SUMMARY OF APPLICATION
[31]. The application by mr de Klerk on behalf of the applicants for the review and setting aside the decisions made by the 1st to 3rd respondents have no merit as Mr de Klerk was not authorised by the trustees, in the light of the 2nd applicants position, read with the 3rd applicants non-commissioned affidavits to institute any legal action against any of the respondents.
[32.]. Any references to the 4th respondent in the application by the applicants are of no use to the applicants.

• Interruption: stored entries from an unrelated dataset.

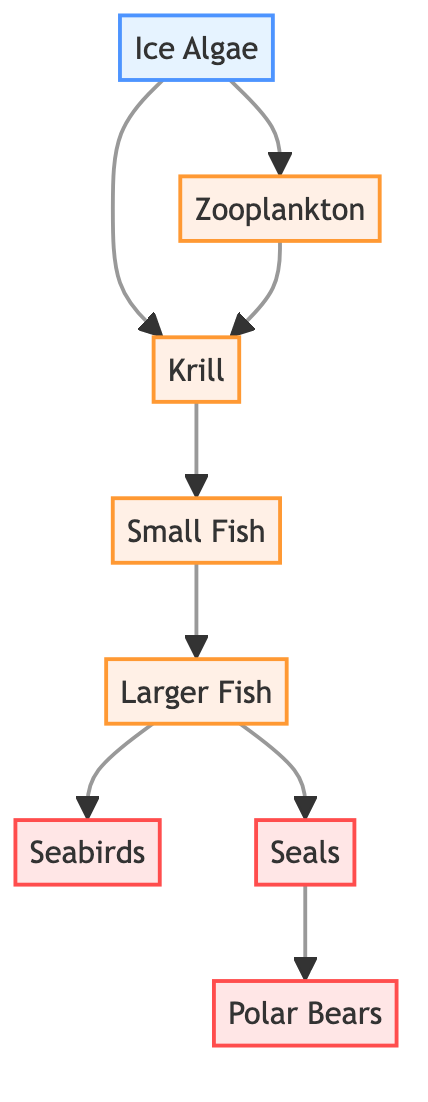What is the base of this food chain? The base of the food chain is depicted as the first node in the flowchart, which is Ice Algae.
Answer: Ice Algae How many consumers are present in the food chain? The consumers are the organisms that directly eat or receive energy from the primary producers. In the diagram, Zooplankton, Krill, Small Fish, Larger Fish, Seabirds, and Seals are all consumers, totaling six.
Answer: 6 Which organism directly feeds on Krill? In the diagram, the Small Fish, which is linked directly after Krill, are the ones that feed on Krill.
Answer: Small Fish Who is the apex predator in this food chain? The apex predator, occupying the highest position on the flowchart and not being eaten by any other organism in this network, is the Polar Bears.
Answer: Polar Bears What type of organisms are Seabirds considered in this food chain? In the structure of the food chain shown in the diagram, Seabirds are classified under the predator category, as they eat the Larger Fish.
Answer: Predator How many levels are there in this food chain from Ice Algae to Polar Bears? To determine the levels, we can count from Ice Algae at the base, moving through each tier until reaching Polar Bears. This results in a total of 7 levels.
Answer: 7 Which two organisms feed on Larger Fish? The diagram shows that Seabirds and Polar Bears both feed on Larger Fish, confirming their role as predators in the chain.
Answer: Seabirds and Polar Bears Is Krill a primary producer or a consumer in this ecosystem? Krill is not capable of photosynthesis and relies on other organisms for energy, placing it in the consumer category as shown in the diagram.
Answer: Consumer What links Ice Algae to the next level in the food chain? The connections extending from the Ice Algae in the chart demonstrate that both Zooplankton and Krill directly derive energy from it.
Answer: Zooplankton and Krill 
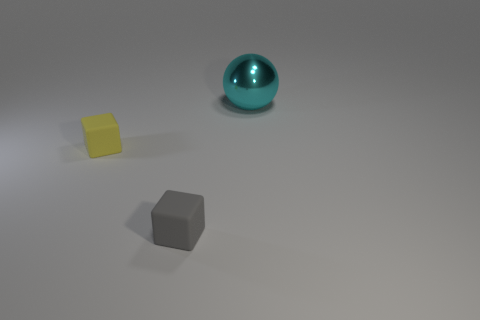Are the objects arranged in a particular pattern or order? The objects do not seem to follow a conventional pattern or order in their arrangement; instead, they are spaced apart in a manner that feels somewhat random. The positioning does, however, create a sense of balance within the frame, possibly intended to lead the viewer's eye from one object to another and create a visually pleasing composition.

[33.]. The applicants have wrongfully placed the 4th respondent as the culprit before the court to argue its case. In my view the 4th respondent has no bearing on the applicants’ applications, its actions read with the lawful ownership of the 5th respondents’ property which was confirmed by the applicants, prior to the issuing of this application by the applicants. Other as to acknowledge that the 5th respondent is the lawful owner of the property in dispute, not a single aspect regarding the lawful owner of the property was dealt with by the applicants.
[34]. Mr de Klerk claims that the points in limine was ‘’refused’’; its incorrect, it was ‘’dismissed’’. The applicants were afforded an opportunity to state their case before the Municipal Appeal Tribunal. [63]

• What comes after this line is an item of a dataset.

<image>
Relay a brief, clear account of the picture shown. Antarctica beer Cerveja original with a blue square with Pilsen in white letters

[35]. Mr de Klerk claims that the Appeal Tribunal forwarded the reasons for the ‘’refusal’’ of the ‘’points in limine’’ is incorrect. The Appeals Tribunal recorded the following in the letter addressed to the applicants dated 9 July 2018 [64] which reads as follows -
‘’The decision to dismiss the ‘’Point in Limine’’ pertaining the application process (particular the advertising notices) followed by the applicant was based on the following –
1. The property is currently zoned ‘’Special’’. The applicant complied with all the application process required in terms of the Mbombela By-laws on Special Planning and Land Use Management.
2. The argument that there was no consideration given to the change of land use from 48 erven zoned ‘’Residential 2’’ and approved subdividing and amendment scheme (AS/14/01840) is dismissed based on the fact that the intended subdivision was not registered at the Deeds Office, resulting on the property retaining its original zoning of ‘’Special’’ ‘’.
[36]. From reading the papers the Provincial Gazette no 2587 dated 16th October 2015 refer to the Local Authority Notice 118 of 2015 [65] –
‘[1]. Portion 1 to 48 of the remainder of Portion 1[…] of Erf 3[…] Nelspruit Extension 14 to ‘Residential 2’ subject to Annexure conditions’
[37]. Following the above the 4th respondent advertised the proposed re-zoning in the Lowvelder, which for all present purposes became ‘moot’. [66] The 1st respondent indicated that the re-zoning did not take effect. From the papers it is clear that mr de Klerk did not attach any proof of this allegation that the property was indeed re-zone in this regard to his founding affidavit or in any reply.
CONCLUSION
[38]. For the above reasoning the applicant’s application stands to fail and be dismissed with cost.
COST
[39]. Cost should be awarded to the successful party. The respondents argued for a punitive cost order on attorney-own-client scale. I am of the view that the applicants’ was the creator of its own misery so to speak. I am of the view that the applicants’ actions in this regard must be taken into consideration in awarding cost. Not only have they embarked on an application which included the wrong party (allegations against the 4th respondent) but they also tried to engage the residents of the neighbourhood in their fatal action against the 1st to 3rd respondents. Fatal deficiencies such as the absence of resolutions and commissioned confirmation affidavits formed part of this application, not to mention the request to the court to entertain this application under specific sections of the PAJA whereas the internal remedies of the appeal Tribunal was still an option.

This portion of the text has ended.